With Stringer dead and Avon imprisoned, the Barksdale Organization crumbles. Slim Charles becomes the de facto leader of what remains of the crew, which he merges with Proposition Joe's drug operations. Marlo becomes the new power player in West Baltimore by default. McNulty and the police search Stringer's apartment and find it extremely clean, stylishly furnished, and tastefully decorated, far from their expectations of a drug kingpin. Stringer's bookshelf includes a copy of The Wealth of Nations.

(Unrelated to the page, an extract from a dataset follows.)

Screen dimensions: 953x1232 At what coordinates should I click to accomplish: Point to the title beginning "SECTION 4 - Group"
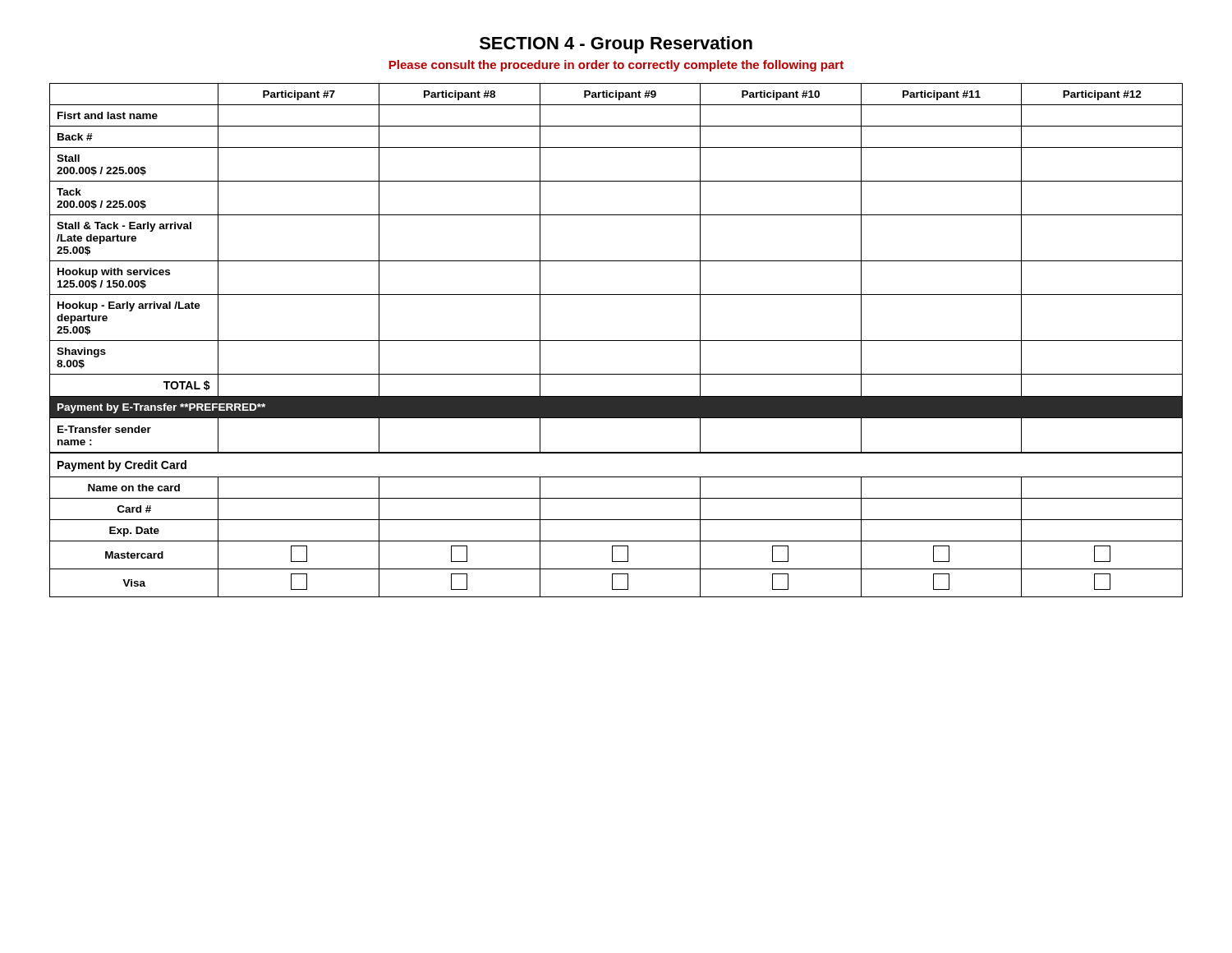[x=616, y=52]
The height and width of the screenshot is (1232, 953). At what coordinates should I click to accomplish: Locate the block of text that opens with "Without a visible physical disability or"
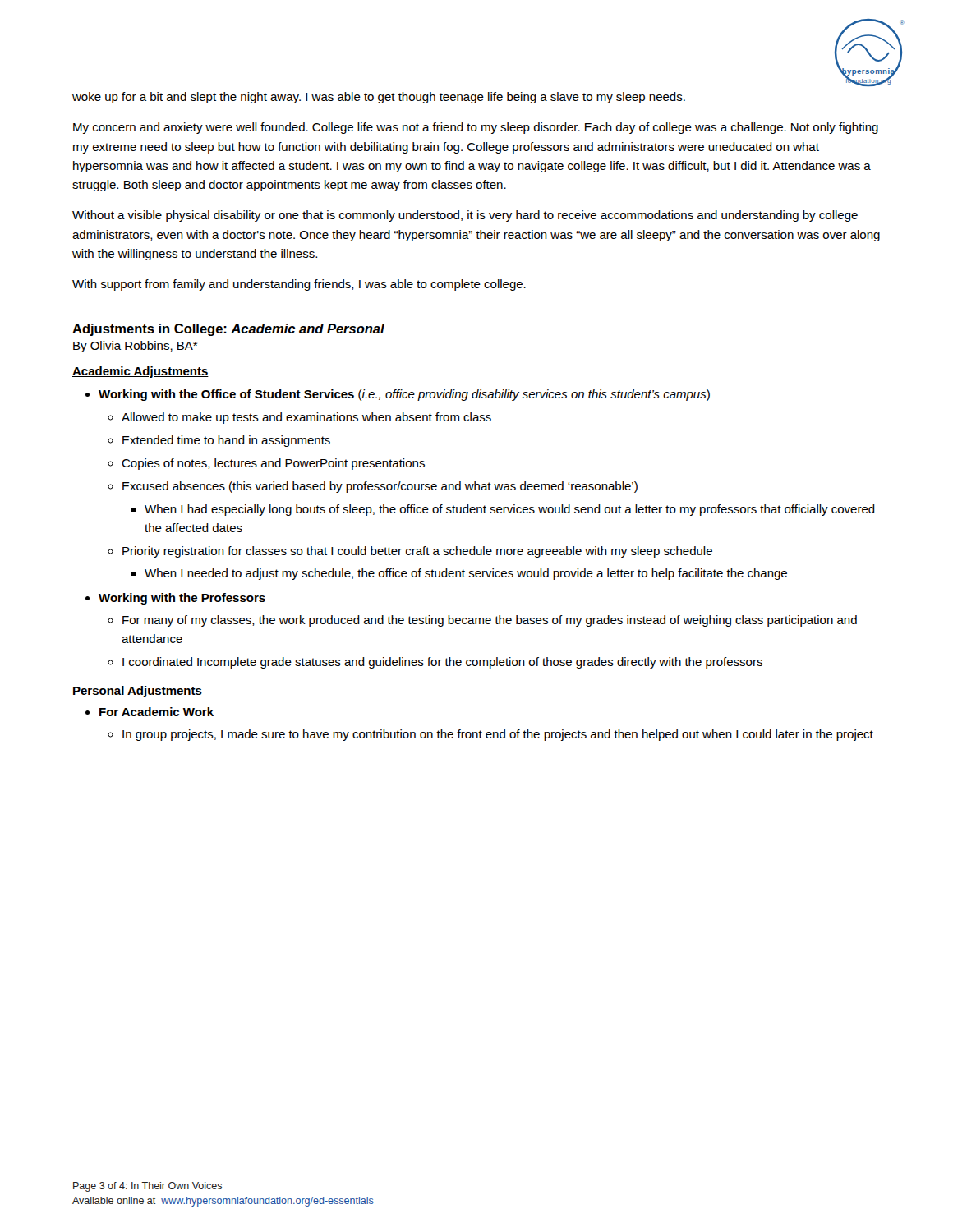476,234

McNulty expresses regret that he could not arrest his archrival before he died, and displays an odd admiration for Stringer's lofty dreams and a grudging respect for his talent as a drug kingpin. In essence, McNulty feels purposeless without his adversary, and it is this sense of aimlessness that leads him to transfer to patrol in the Western District and straighten his life out.

==Legacy==
In the season 5 episode "Late Editions", Clay Davis, while describing to Lester Freamon how drug money is routed from the kingpins to state and city politicians through their lawyers, mentions how he conned a fellow named "Bell" into giving him a great deal of money, because Davis had convinced him that he would be able to use his connections to push his development forward quickly. As Davis laughs about how he conned Stringer, Freamon's eyes light up in recognition.

==Origins==

Stringer Bell's name is a composite of real Baltimore drug lords Stringer Reed and Roland Bell. His story bears many similarities to the life of Kenneth A. Jackson, including his crossover from the illegal drug trade to legitimate business ownership and political contributions.

==In popular culture==

In 2019, political writer Adam Serwer apparently coined the term "The Stringer Bell Rule" for the adage "don't keep notes on a criminal conspiracy". Bell's line "is you taking notes on a criminal fucking conspiracy?" from the Season 3 episode "Straight and True" was cited as early as 2017 to express incredulity at the Trump team's documented interactions with Russia during his 2016 election campaign, and in 2013 as advice for JPMorgan after a spreadsheet listing alleged improprieties was found during a criminal investigation.